There are many things that business schools do well. Having recently completed a five-year stint as dean of Nottingham University Business School, with responsibility for around 2,000 students in the UK and oversight of another 3,200 at our facilities in China and Malaysia, I can state as much with some confidence.

I had long imagined this to be the case during my earlier incarnation as head of a teaching and research institute and contributor of words of wisdom from the security of the sidelines. It was nice to have my optimism confirmed from my newfound lofty perch, and I like to think I did my bit to ensure these successes continued.

Yet there are also things that business schools do less well. This, too, became much clearer to me as I surveyed my domain. At first I was inclined to treat the inadequacies I encountered as unique and personal deficiencies, but attendance at conferences soon brought the perverse reassurance that the difficulties I was experiencing were – and still are – well known to deans the world over.

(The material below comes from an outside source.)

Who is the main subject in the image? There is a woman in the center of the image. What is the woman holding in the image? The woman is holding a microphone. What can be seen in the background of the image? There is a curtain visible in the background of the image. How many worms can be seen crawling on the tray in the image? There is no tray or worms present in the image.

On the surface these issues appear diverse and essentially unrelated. They range from an unwillingness to recognise the full value of external perspectives to a tendency among some academics to feel their research eminence absolves them from teaching duties. On closer examination, however, all of them are revealed to be components of the same overarching shortcoming: a potentially catastrophic failure to evolve.

If there is one lesson above all others that I learned during my half-decade in the hot seat it is that dinosaurs are getting younger. Let me try to explain what I mean.

I was acutely aware when I became dean that the vast majority of my students would regard me as vaguely Jurassic. In many ways this was perfectly understandable. Most undergraduates, after all, are in their late teens – whereas I, to put it politely, am not.

What I appreciate more now, though, is the speed at which we all risk becoming “out of date”. Much as we might still contribute to commendable effect, most of us soon find ourselves at least partially distanced from the cutting edge of technology and development. Nowadays even many students may discover that by their mid-twenties they are somewhat removed from the new realities that confront those who come after them.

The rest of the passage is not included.